Kasus Anak Syahid Walid Khaled Ahmed
Kasus Walid Khaled Ahmed dari Salwad menggambarkan tingkat kejahatan yang dilakukan: ia gugur di penjara Megiddo pada Maret 2025 akibat kelaparan, pengabaian medis, dan siksaan. Autopsi menunjukkan atrofi parah, hilangnya massa otot, pembengkakan di dada, perut, dan usus, serta ruam luas akibat scabies—menunjukkan pola penyiksaan sistematis yang merenggut nyawanya.
Anak-Anak Gaza: Pelanggaran Mengerikan
Di Gaza, anak-anak juga digunakan sebagai tameng manusia dalam operasi militer. Mereka mengalami siksaan berat, kelaparan sengaja, kekurangan air, dan isolasi berkelanjutan. Beberapa diklasifikasikan sebagai “pejuang ilegal,” dalih hukum yang digunakan Israel untuk menahan warga sipil tanpa perlindungan.

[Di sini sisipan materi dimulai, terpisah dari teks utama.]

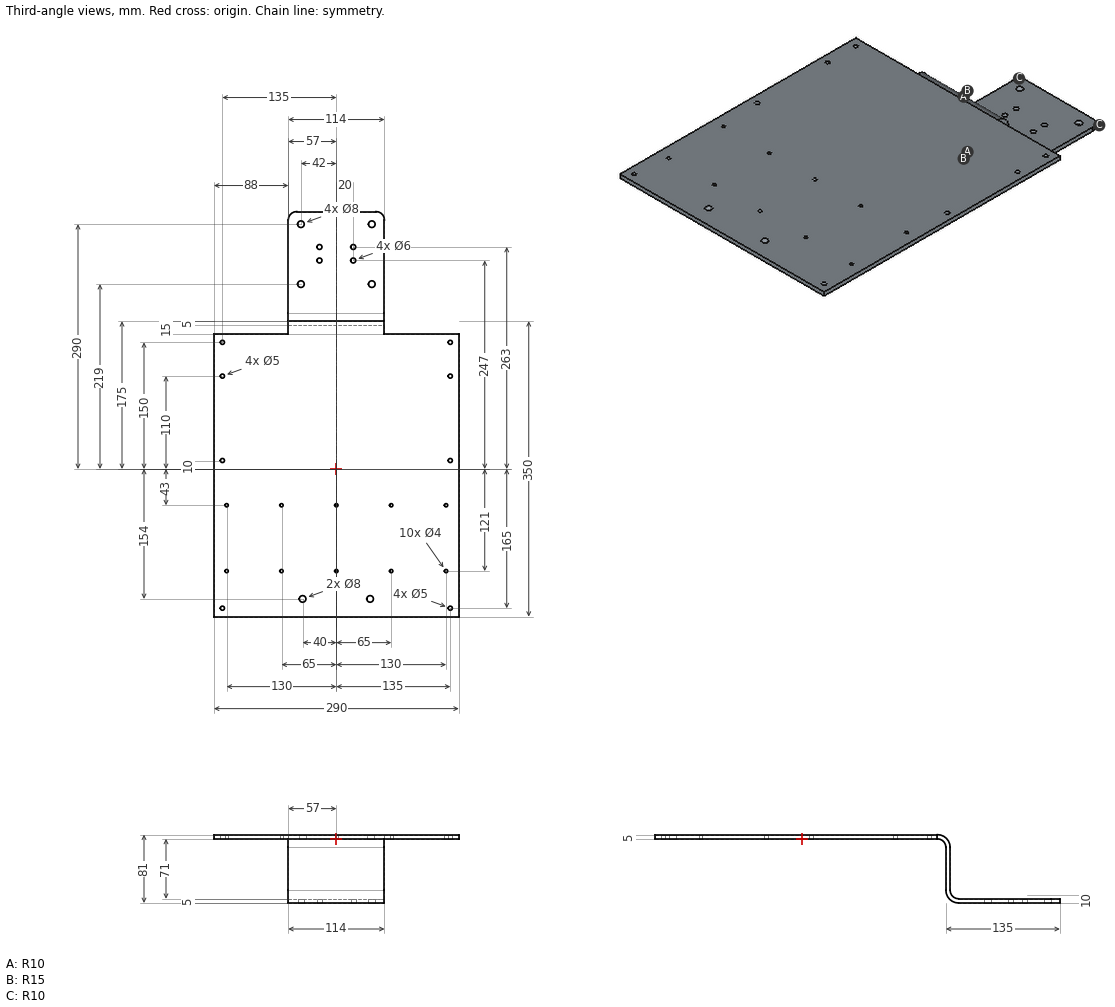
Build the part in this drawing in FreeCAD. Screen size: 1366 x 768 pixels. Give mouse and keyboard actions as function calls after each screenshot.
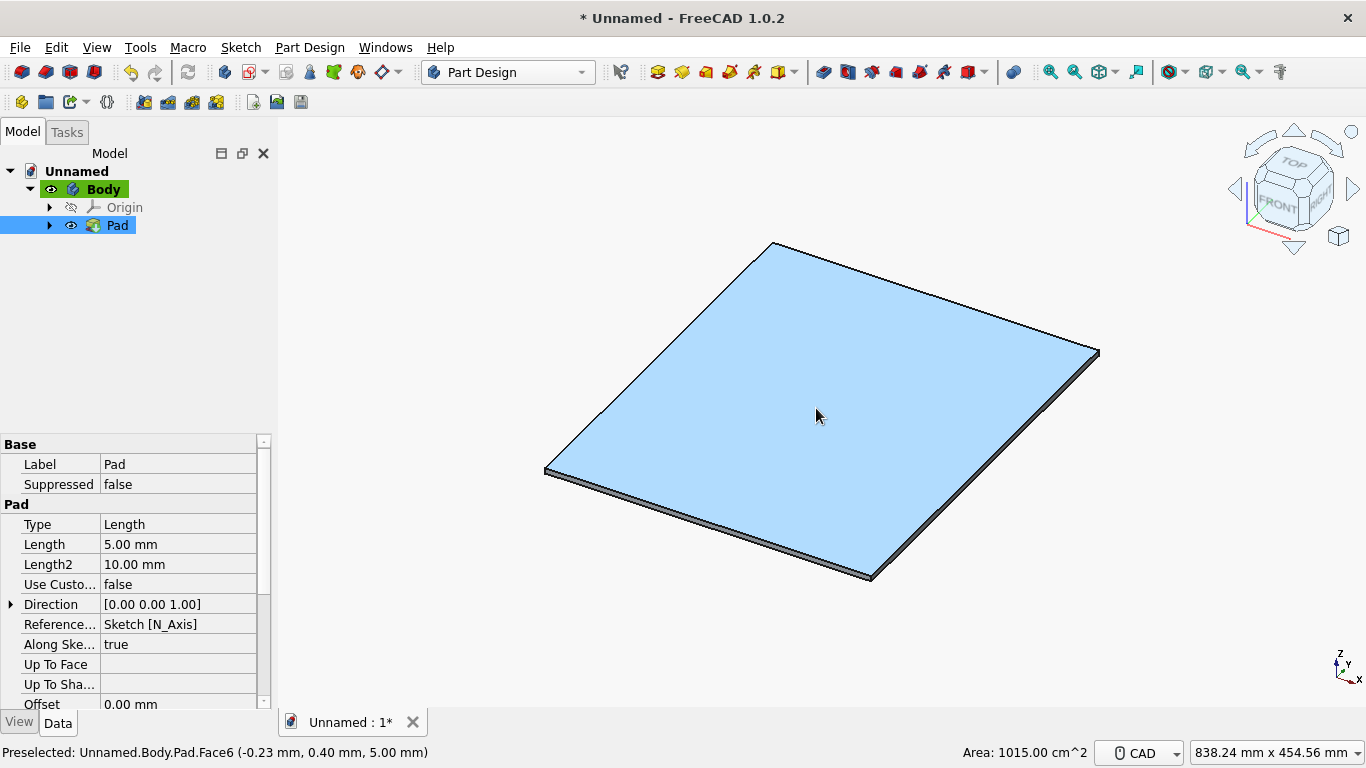
click(250, 72)

Penahanan administratif meningkat, dengan lebih dari 90 anak ditahan tanpa dakwaan atau persidangan adil di bawah alasan “file rahasia,” mengubah pengecualian menjadi kebijakan tetap yang meniadakan hak anak membela diri.
Kesaksian Menyayat Hati
Anak-anak yang dilepas menceritakan penderitaan mereka. M.K (17) ditahan enam bulan dengan borgol terus-menerus, pakaian minim, penyakit kulit menyebar, razia harian, dipukuli, dan dibatasi mandi. Y.H (17) mengalami pemukulan hebat saat ditangkap dan cedera tak diobati. S.R (15) dipaksa menjadi tameng manusia, masuk ke rumah 30 meter di depan tentara, dipukuli, dan menghadapi bahaya langsung dari rumah yang dihancurkan.
Sementara dunia merayakan Hari Anak Internasional, anak-anak Palestina kehilangan masa kecil dan hak mereka atas perlindungan. Mereka ditangkap sejak usia dini dan diadili di pengadilan militer yang meniadakan hak-hak dasar.
Lembaga tahanan menyerukan intervensi negara pihak ketiga untuk menghentikan kejahatan yang menimpa anak-anak, menghentikan perang genosida, menghormati opini konsultatif Mahkamah Internasional mengenai ilegalitas pendudukan, memboikot Israel, dan menuntut pertanggungjawaban atas pelanggaran dan kejahatan terhadap anak-anak Palestina.